WHAT TO PRODUCE
Within the lines below, find those that hold the string "font" and copy each one.

Data entries
#####
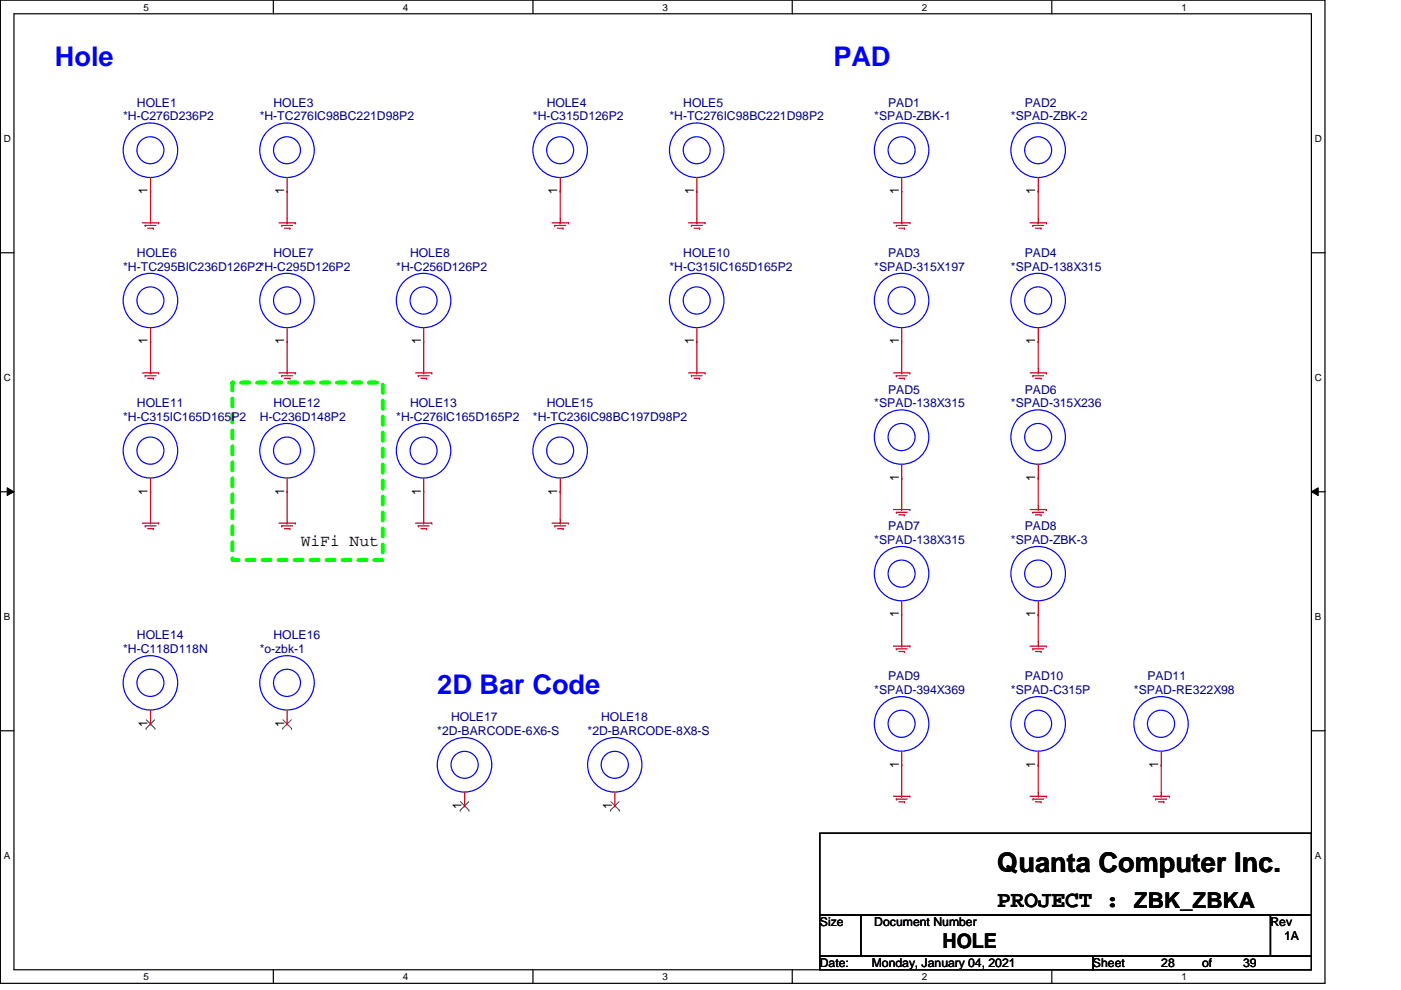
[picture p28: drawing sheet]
<svg xmlns="http://www.w3.org/2000/svg" width="297mm" height="210mm" viewBox="0 0 297 210" stroke-linecap="round" stroke-linejoin="round" font-family="sans-serif">
<defs><g id="words">
<g font-size="5.8" fill="#00f">
<text x="11.6" y="14.1">Hole</text>
<text x="176.7" y="14.1">PAD</text>
<text x="92.7" y="147.2">2D Bar Code</text>
</g>
<text font-size="5.8" x="211.5" y="184.9">Quanta Computer Inc.</text>
<text font-size="4.9" x="211.5" y="192.4">PROJECT : ZBK_ZBKA</text>
<text font-size="4.3" x="199.9" y="201">HOLE</text>
<text font-size="3.5" x="63.8" y="115.7">WiFi Nut</text>
<g font-size="2.6" fill="#000080">
<text x="29" y="22.6">HOLE1</text>
<text x="58" y="22.6">HOLE3</text>
<text x="115.9" y="22.6">HOLE4</text>
<text x="144.9" y="22.6">HOLE5</text>
<text x="188.3" y="22.6">PAD1</text>
<text x="217.3" y="22.6">PAD2</text>
<text x="26.1" y="25.5">*H-C276D236P2</text>
<text x="55.1" y="25.5">*H-TC276IC98BC221D98P2</text>
<text x="113" y="25.5">*H-C315D126P2</text>
<text x="141.9" y="25.5">*H-TC276IC98BC221D98P2</text>
<text x="185.4" y="25.5">*SPAD-ZBK-1</text>
<text x="214.3" y="25.5">*SPAD-ZBK-2</text>
<text x="26.1" y="57.4">*H-TC295BIC236D126P2*H-C295D126P2</text>
<text x="29" y="54.5">HOLE6</text>
<text x="58" y="54.5">HOLE7</text>
<text x="84" y="57.4">*H-C256D126P2</text>
<text x="86.9" y="54.5">HOLE8</text>
<text x="141.9" y="57.4">*H-C315IC165D165P2</text>
<text x="144.9" y="54.5">HOLE10</text>
<text x="185.4" y="57.4">*SPAD-315X197</text>
<text x="188.3" y="54.5">PAD3</text>
<text x="214.3" y="57.4">*SPAD-138X315</text>
<text x="217.3" y="54.5">PAD4</text>
<text x="188.3" y="83.4">PAD5</text>
<text x="217.3" y="83.4">PAD6</text>
<text x="26.1" y="89.2">*H-C315IC165D165P2</text>
<text x="29" y="86.3">HOLE11</text>
<text x="55.1" y="89.2">H-C236D148P2</text>
<text x="58" y="86.3">HOLE12</text>
<text x="84" y="89.2">*H-C276IC165D165P2</text>
<text x="86.9" y="86.3">HOLE13</text>
<text x="113" y="89.2">*H-TC236IC98BC197D98P2</text>
<text x="115.9" y="86.3">HOLE15</text>
<text x="185.4" y="86.3">*SPAD-138X315</text>
<text x="214.3" y="86.3">*SPAD-315X236</text>
<text x="188.3" y="112.4">PAD7</text>
<text x="217.3" y="112.4">PAD8</text>
<text x="185.4" y="115.3">*SPAD-138X315</text>
<text x="214.3" y="115.3">*SPAD-ZBK-3</text>
<text x="29" y="135.6">HOLE14</text>
<text x="58" y="135.6">HOLE16</text>
<text x="26.1" y="138.4">*H-C118D118N</text>
<text x="55.1" y="138.4">*o-zbk-1</text>
<text x="185.4" y="147.2">*SPAD-394X369</text>
<text x="188.3" y="144.2">PAD9</text>
<text x="214.3" y="147.2">*SPAD-C315P</text>
<text x="217.3" y="144.2">PAD10</text>
<text x="240.4" y="147.2">*SPAD-RE322X98</text>
<text x="243.3" y="144.2">PAD11</text>
<text x="92.7" y="155.8">*2D-BARCODE-6X6-S</text>
<text x="95.6" y="152.9">HOLE17</text>
<text x="124.6" y="155.8">*2D-BARCODE-8X8-S</text>
<text x="127.5" y="152.9">HOLE18</text>
</g>
<g font-size="2.6">
<text x="31.3" y="41.1" transform="rotate(-90 31.3 41.1)">1</text>
<text x="60.2" y="41.1" transform="rotate(-90 60.2 41.1)">1</text>
<text x="118.1" y="41.1" transform="rotate(-90 118.1 41.1)">1</text>
<text x="147.1" y="41.1" transform="rotate(-90 147.1 41.1)">1</text>
<text x="190.5" y="41.1" transform="rotate(-90 190.5 41.1)">1</text>
<text x="219.5" y="41.1" transform="rotate(-90 219.5 41.1)">1</text>
<text x="31.3" y="73" transform="rotate(-90 31.3 73)">1</text>
<text x="60.2" y="73" transform="rotate(-90 60.2 73)">1</text>
<text x="89.2" y="73" transform="rotate(-90 89.2 73)">1</text>
<text x="147.1" y="73" transform="rotate(-90 147.1 73)">1</text>
<text x="190.5" y="73" transform="rotate(-90 190.5 73)">1</text>
<text x="219.5" y="73" transform="rotate(-90 219.5 73)">1</text>
<text x="190.5" y="101.9" transform="rotate(-90 190.5 101.9)">1</text>
<text x="219.5" y="101.9" transform="rotate(-90 219.5 101.9)">1</text>
<text x="31.3" y="104.9" transform="rotate(-90 31.3 104.9)">1</text>
<text x="60.2" y="104.9" transform="rotate(-90 60.2 104.9)">1</text>
<text x="89.2" y="104.9" transform="rotate(-90 89.2 104.9)">1</text>
<text x="118.1" y="104.9" transform="rotate(-90 118.1 104.9)">1</text>
<text x="190.5" y="130.9" transform="rotate(-90 190.5 130.9)">1</text>
<text x="219.5" y="130.9" transform="rotate(-90 219.5 130.9)">1</text>
<text x="31.3" y="154.1" transform="rotate(-90 31.3 154.1)">1</text>
<text x="60.2" y="154.1" transform="rotate(-90 60.2 154.1)">1</text>
<text x="190.5" y="162.8" transform="rotate(-90 190.5 162.8)">1</text>
<text x="219.5" y="162.8" transform="rotate(-90 219.5 162.8)">1</text>
<text x="245.6" y="162.8" transform="rotate(-90 245.6 162.8)">1</text>
<text x="97.9" y="171.4" transform="rotate(-90 97.9 171.4)">1</text>
<text x="129.7" y="171.4" transform="rotate(-90 129.7 171.4)">1</text>
<text x="173.8" y="196.3">Size</text>
<text x="185.4" y="196.3">Document Number</text>
<text x="269.4" y="196.3">Rev</text>
<text x="272.2" y="199.3">1A</text>
<text x="173.8" y="205.1">Date:</text>
<text x="184.8" y="205.1">Monday, January 04, 2021</text>
<text x="231.7" y="205.1">Sheet</text>
<text x="246.2" y="205.1">28</text>
<text x="254.9" y="205.1">of</text>
<text x="263.6" y="205.1">39</text>
</g>
<g font-size="2.1">
<text x="30.4" y="2.2">5</text>
<text x="85.4" y="2.2">4</text>
<text x="140.5" y="2.2">3</text>
<text x="195.4" y="2.2">2</text>
<text x="250.5" y="2.2">1</text>
<text x=".8" y="30.1">D</text>
<text x="278.8" y="30.1">D</text>
<text x=".8" y="80.8">C</text>
<text x="278.8" y="80.8">C</text>
<text x=".8" y="131.5">B</text>
<text x="278.8" y="131.5">B</text>
<text x=".8" y="182.2">A</text>
<text x="278.8" y="182.2">A</text>
<text x="30.4" y="207.8">5</text>
<text x="85.4" y="207.8">4</text>
<text x="140.5" y="207.8">3</text>
<text x="195.4" y="207.8">2</text>
<text x="250.5" y="207.8">1</text>
</g>
</g></defs>
<path d="M.1 0h280.8v208.5h-280.8zM3 2.9h275v202.7h-275z" fill="none" stroke="#000" stroke-width=".25"/>
<g fill="#fff">
<path d="M30.4 .3h1.2v2.4h-1.2z"/>
<path d="M30.4 205.9h1.2v2.3h-1.2z"/>
</g>
<path d="M58 0v2.9M58 205.6v2.9" fill="none" stroke="#000" stroke-width=".25"/>
<g fill="#fff">
<path d="M85.4 .3h1.2v2.4h-1.2z"/>
<path d="M85.4 205.9h1.2v2.3h-1.2z"/>
</g>
<path d="M113 0v2.9M113 205.6v2.9" fill="none" stroke="#000" stroke-width=".25"/>
<g fill="#fff">
<path d="M140.5 .3h1.1v2.4h-1.1z"/>
<path d="M140.5 205.9h1.1v2.3h-1.1z"/>
</g>
<path d="M168 0v2.9M168 205.6v2.9" fill="none" stroke="#000" stroke-width=".25"/>
<g fill="#fff">
<path d="M195.4 .3h1.2v2.4h-1.2z"/>
<path d="M195.4 205.9h1.2v2.3h-1.2z"/>
</g>
<path d="M223 0v2.9M223 205.6v2.9" fill="none" stroke="#000" stroke-width=".25"/>
<g fill="#fff">
<path d="M250.5 .3h1.1v2.4h-1.1z"/>
<path d="M250.5 205.9h1.1v2.3h-1.1z"/>
<path d="M.8 28.2h1.5v2.4h-1.5z"/>
<path d="M278.8 28.2h1.4v2.4h-1.4z"/>
<path d="M.8 78.9h1.5v2.3h-1.5z"/>
<path d="M278.8 78.9h1.4v2.3h-1.4z"/>
</g>
<path d="M.1 53.6h2.9M278 53.6h2.9" fill="none" stroke="#000" stroke-width=".25"/>
<g fill="#fff">
<path d="M.8 129.6h1.4v2.3h-1.4z"/>
<path d="M278.8 129.6h1.3v2.3h-1.3z"/>
</g>
<path d="M.1 104.3h2.9M278 104.3h2.9" fill="none" stroke="#000" stroke-width=".25"/>
<path d="M1.5 103.4l1.5 .9-1.5 .8zM278 104.3l1.5-.9v1.7z" fill="#000"/>
<path d="M1.5 103.4l1.5 .9-1.5 .8zM278 104.3l1.5-.9v1.7z" fill="none" stroke="#000" stroke-width=".21"/>
<g fill="#fff">
<path d="M.8 180.3h1.4v2.3h-1.4z"/>
<path d="M278.8 180.3h1.3v2.3h-1.3z"/>
</g>
<path d="M.1 154.9h2.9M278 154.9h2.9M173.8 176.7h104.2v17.3h-104.2zM173.8 194h8.7v8.7h-8.7zM182.5 194h86.9v8.7h-86.9zM269.4 194h8.6v8.7h-8.6zM173.8 202.7h57.9v2.9h-57.9zM231.7 202.7h46.3v2.9h-46.3z" fill="none" stroke="#000" stroke-width=".25"/>
<path d="M49.3 81.1h31.8v37.6h-31.8z" fill="none" stroke="#0f0" stroke-width=".85" stroke-dasharray="1.7 1.7"/>
<g fill="none" stroke="#f00" stroke-width=".25">
<path d="M31.9 37.7v2.9M60.9 37.7v2.9M118.8 37.7v2.9M147.7 37.7v2.9M191.2 37.7v2.9M220.1 37.7v2.9M30.2 47.2h3.5M30.8 47.8h.1M30.8 47.8h2.3M31.3 48.4h1.2M31.9 47.2h.1M31.9 40.6h.1"/>
<path d="M31.9 46.4v.8M32.5 48.4h.1M33.7 47.2h.1M59.1 47.2h3.5M59.7 47.8h.1M59.7 47.8h2.3M60.3 48.4h1.2M60.9 47.2h.1M60.9 40.6h.1M60.9 46.4v.8M61.5 48.4h.1M62.6 47.2h.1"/>
<path d="M117 47.2h3.5M117.6 47.8h.1M117.6 47.8h2.3M118.2 48.4h1.2M118.8 47.2h.1M118.8 40.6h.1M118.8 46.4v.8M119.4 48.4h.1M120.5 47.2h.1M146 47.2h3.5M146.6 47.8h.1M146.6 47.8h2.3"/>
<path d="M147.1 48.4h1.2M147.7 47.2h.1M147.7 40.6h.1M147.7 46.4v.8M148.3 48.4h.1M149.5 47.2h.1M189.4 47.2h3.5M190 47.8h.1M190 47.8h2.3M190.6 48.4h1.2M191.2 47.2h.1M191.2 40.6h.1"/>
<path d="M191.2 46.4v.8M191.8 48.4h.1M192.9 47.2h.1M218.4 47.2h3.5M219 47.8h.1M219 47.8h2.3M219.5 48.4h1.2M220.1 47.2h.1M220.1 40.6h.1M220.1 46.4v.8M220.7 48.4h.1M221.9 47.2h.1"/>
<path d="M30.2 79.1h3.5M30.8 79.7h.1M30.8 79.7h2.3M31.9 79.1h.1M31.9 72.4h.1M31.9 69.5v2.9M31.9 78.2v.9M33.7 79.1h.1M59.1 79.1h3.5M59.7 79.7h.1M59.7 79.7h2.3M60.9 79.1h.1"/>
<path d="M60.9 72.4h.1M60.9 69.5v2.9M60.9 78.2v.9M62.6 79.1h.1M88.1 79.1h3.5M88.7 79.7h.1M88.7 79.7h2.3M89.8 79.1h.1M89.8 72.4h.1M89.8 69.5v2.9M89.8 78.2v.9M91.6 79.1h.1"/>
<path d="M146 79.1h3.5M146.6 79.7h.1M146.6 79.7h2.3M147.7 79.1h.1M147.7 72.4h.1M147.7 69.5v2.9M147.7 78.2v.9M149.5 79.1h.1M189.4 79.1h3.5M190 79.7h.1M190 79.7h2.3M191.2 79.1h.1"/>
<path d="M191.2 72.4h.1M191.2 69.5v2.9M191.2 78.2v.9M192.9 79.1h.1M218.4 79.1h3.5M219 79.7h.1M219 79.7h2.3M220.1 79.1h.1M220.1 72.4h.1M220.1 69.5v2.9M220.1 78.2v.9M221.9 79.1h.1"/>
<path d="M31.3 80.2h1.2M32.5 80.2h.1M60.3 80.2h1.2M61.5 80.2h.1M89.2 80.2h1.2M90.4 80.2h.1M147.1 80.2h1.2M148.3 80.2h.1M190.6 80.2h1.2M191.2 98.5v2.9M191.8 80.2h.1M219.5 80.2h1.2"/>
<path d="M220.1 98.5v2.9M220.7 80.2h.1M30.2 110.9h3.5M30.8 111.5h.1M30.8 111.5h2.3M31.3 112.1h1.2M31.9 110.9h.1M31.9 104.3h.1M31.9 101.4v2.9M31.9 110.1v.8M32.5 112.1h.1M33.7 110.9h.1"/>
<path d="M59.1 110.9h3.5M59.7 111.5h.1M59.7 111.5h2.3M60.3 112.1h1.2M60.9 110.9h.1M60.9 104.3h.1M60.9 101.4v2.9M60.9 110.1v.8M61.5 112.1h.1M62.6 110.9h.1M88.1 110.9h3.5M88.7 111.5h.1"/>
<path d="M88.7 111.5h2.3M89.2 112.1h1.2M89.8 110.9h.1M89.8 104.3h.1M89.8 101.4v2.9M89.8 110.1v.8M90.4 112.1h.1M91.6 110.9h.1M117 110.9h3.5M117.6 111.5h.1M117.6 111.5h2.3M118.2 112.1h1.2"/>
<path d="M118.8 110.9h.1M118.8 104.3h.1M118.8 101.4v2.9M118.8 110.1v.8M119.4 112.1h.1M120.5 110.9h.1M189.4 108h3.5M190 108.6h.1M190 108.6h2.3M190.6 109.2h1.2M191.2 108h.1M191.2 101.4h.1"/>
<path d="M191.2 107.1v.9M191.8 109.2h.1M192.9 108h.1M218.4 108h3.5M219 108.6h.1M219 108.6h2.3M219.5 109.2h1.2M220.1 108h.1M220.1 101.4h.1M220.1 107.1v.9M220.7 109.2h.1M221.9 108h.1"/>
<path d="M189.4 137h3.5M190 137.6h.1M190 137.6h2.3M190.6 138.1h1.2M191.2 137h.1M191.2 130.3h.1M191.2 127.4v2.9M191.2 136.1v.9M191.8 138.1h.1M192.9 137h.1M218.4 137h3.5M219 137.6h.1"/>
<path d="M219 137.6h2.3M219.5 138.1h1.2M220.1 137h.1M220.1 130.3h.1M220.1 127.4v2.9M220.1 136.1v.9M220.7 138.1h.1M221.9 137h.1M31.9 153.5h.1M31.9 150.6v2.9M60.9 153.5h.1M60.9 150.6v2.9"/>
<path d="M191.2 159.3v2.9M220.1 159.3v2.9M246.2 159.3v2.9M98.5 170.9h.1M98.5 168v2.9M130.4 170.9h.1M130.4 168v2.9M189.4 168.8h3.5M190 169.4h.1M190 169.4h2.3M190.6 170h1.2M191.2 168.8h.1"/>
<path d="M191.2 162.2h.1M191.2 168v.8M191.8 170h.1M192.9 168.8h.1M218.4 168.8h3.5M219 169.4h.1M219 169.4h2.3M219.5 170h1.2M220.1 168.8h.1M220.1 162.2h.1M220.1 168v.8M220.7 170h.1"/>
<path d="M221.9 168.8h.1M244.5 168.8h3.4M245 169.4h.1M245 169.4h2.4M245.6 170h1.2M246.2 168.8h.1M246.2 162.2h.1M246.2 168v.8M246.8 170h.1M247.9 168.8h.1"/>
</g>
<g fill="none" stroke="#00f" stroke-width=".25">
<circle cx="31.9" cy="31.8" r="2.86"/>
<circle cx="31.9" cy="31.8" r="5.8"/>
<circle cx="60.8" cy="31.8" r="2.86"/>
<circle cx="60.9" cy="31.8" r="5.8"/>
<circle cx="118.8" cy="31.8" r="2.86"/>
<circle cx="118.8" cy="31.8" r="5.8"/>
<circle cx="147.7" cy="31.8" r="2.86"/>
<circle cx="147.7" cy="31.8" r="5.8"/>
<circle cx="191.2" cy="31.8" r="2.86"/>
<circle cx="191.2" cy="31.8" r="5.8"/>
<circle cx="220.1" cy="31.8" r="2.86"/>
<circle cx="220.1" cy="31.8" r="5.8"/>
<circle cx="31.9" cy="63.7" r="2.87"/>
<circle cx="31.9" cy="63.7" r="5.8"/>
<circle cx="60.8" cy="63.7" r="2.87"/>
<circle cx="60.9" cy="63.7" r="5.8"/>
<circle cx="89.8" cy="63.7" r="2.87"/>
<circle cx="89.8" cy="63.7" r="5.8"/>
<circle cx="147.7" cy="63.7" r="2.87"/>
<circle cx="147.7" cy="63.7" r="5.8"/>
<circle cx="191.1" cy="63.7" r="2.87"/>
<circle cx="191.2" cy="63.7" r="5.8"/>
<circle cx="220.1" cy="63.7" r="2.87"/>
<circle cx="220.1" cy="63.7" r="5.8"/>
<circle cx="31.9" cy="95.5" r="2.87"/>
<circle cx="31.9" cy="95.6" r="5.8"/>
<circle cx="60.8" cy="95.5" r="2.87"/>
<circle cx="60.9" cy="95.6" r="5.8"/>
<circle cx="89.8" cy="95.5" r="2.87"/>
<circle cx="89.8" cy="95.6" r="5.8"/>
<circle cx="118.8" cy="95.5" r="2.87"/>
<circle cx="118.8" cy="95.6" r="5.8"/>
<circle cx="191.1" cy="92.7" r="2.87"/>
<circle cx="191.2" cy="92.7" r="5.8"/>
<circle cx="220.1" cy="92.7" r="2.87"/>
<circle cx="220.1" cy="92.7" r="5.8"/>
<circle cx="191.1" cy="121.6" r="2.87"/>
<circle cx="191.2" cy="121.6" r="5.8"/>
<circle cx="220.1" cy="121.6" r="2.87"/>
<circle cx="220.1" cy="121.6" r="5.8"/>
<circle cx="31.9" cy="144.8" r="2.87"/>
<circle cx="31.9" cy="144.8" r="5.8"/>
<circle cx="60.8" cy="144.8" r="2.87"/>
<circle cx="60.9" cy="144.8" r="5.8"/>
<circle cx="191.1" cy="153.4" r="2.87"/>
<circle cx="191.2" cy="153.5" r="5.8"/>
<circle cx="220.1" cy="153.4" r="2.87"/>
<circle cx="220.1" cy="153.5" r="5.8"/>
<circle cx="246.2" cy="153.5" r="5.8"/>
<circle cx="246.2" cy="153.5" r="2.88"/>
<circle cx="98.5" cy="162.2" r="5.8"/>
<circle cx="98.5" cy="162.2" r="2.87"/>
<circle cx="130.3" cy="162.1" r="5.8"/>
<circle cx="130.4" cy="162.2" r="2.87"/>
</g>
<g fill="none" stroke="#804000" stroke-width=".21">
<path d="M31 154.4h.1M31 152.6l1.8 1.8M32.8 152.6l-1.8 1.8M32.8 154.4h.1M59.9 154.4h.1M60 152.6l1.8 1.8M61.8 152.6l-1.9 1.8M61.8 154.4h.1M97.6 171.8h.1M97.6 170l1.8 1.8M99.4 170l-1.8 1.8M99.4 171.8h.1"/>
<path d="M129.5 171.8h.1M129.5 170l1.8 1.8M131.3 170l-1.8 1.8M131.3 171.8h.1"/>
</g>
<g fill="none" stroke="#800040" stroke-width=".25">
<path d="M31.9 40.6h.1M31.9 40.6v5.8M60.9 40.6h.1M60.9 40.6v5.8M118.8 40.6h.1M118.8 40.6v5.8M147.7 40.6h.1M147.7 40.6v5.8M191.2 40.6h.1M191.2 40.6v5.8M220.1 40.6h.1M220.1 40.6v5.8"/>
<path d="M31.9 72.4h.1M31.9 72.4v5.8M60.9 72.4h.1M60.9 72.4v5.8M89.8 72.4h.1M89.8 72.4v5.8M147.7 72.4h.1M147.7 72.4v5.8M191.2 72.4h.1M191.2 72.4v5.8M220.1 72.4h.1M220.1 72.4v5.8"/>
<path d="M31.9 104.3h.1M31.9 104.3v5.8M60.9 104.3h.1M60.9 104.3v5.8M89.8 104.3h.1M89.8 104.3v5.8M118.8 104.3h.1M118.8 104.3v5.8M191.2 101.4h.1M191.2 101.4v5.7M220.1 101.4h.1M220.1 101.4v5.7"/>
<path d="M191.2 130.3h.1M191.2 130.3v5.8M220.1 130.3h.1M220.1 130.3v5.8M191.2 162.2h.1M191.2 162.2v5.8M220.1 162.2h.1M220.1 162.2v5.8M246.2 162.2h.1M246.2 162.2v5.8"/>
</g>
<use href="#words"/>
</svg>
#####
RESULT OF THIS EXERCISE
<svg xmlns="http://www.w3.org/2000/svg" width="297mm" height="210mm" viewBox="0 0 297 210" stroke-linecap="round" stroke-linejoin="round" font-family="sans-serif">
<g font-size="5.8" fill="#00f">
<text font-size="5.8" x="211.5" y="184.9">Quanta Computer Inc.</text>
<text font-size="4.9" x="211.5" y="192.4">PROJECT : ZBK_ZBKA</text>
<text font-size="4.3" x="199.9" y="201">HOLE</text>
<text font-size="3.5" x="63.8" y="115.7">WiFi Nut</text>
<g font-size="2.6" fill="#000080">
<g font-size="2.6">
<g font-size="2.1">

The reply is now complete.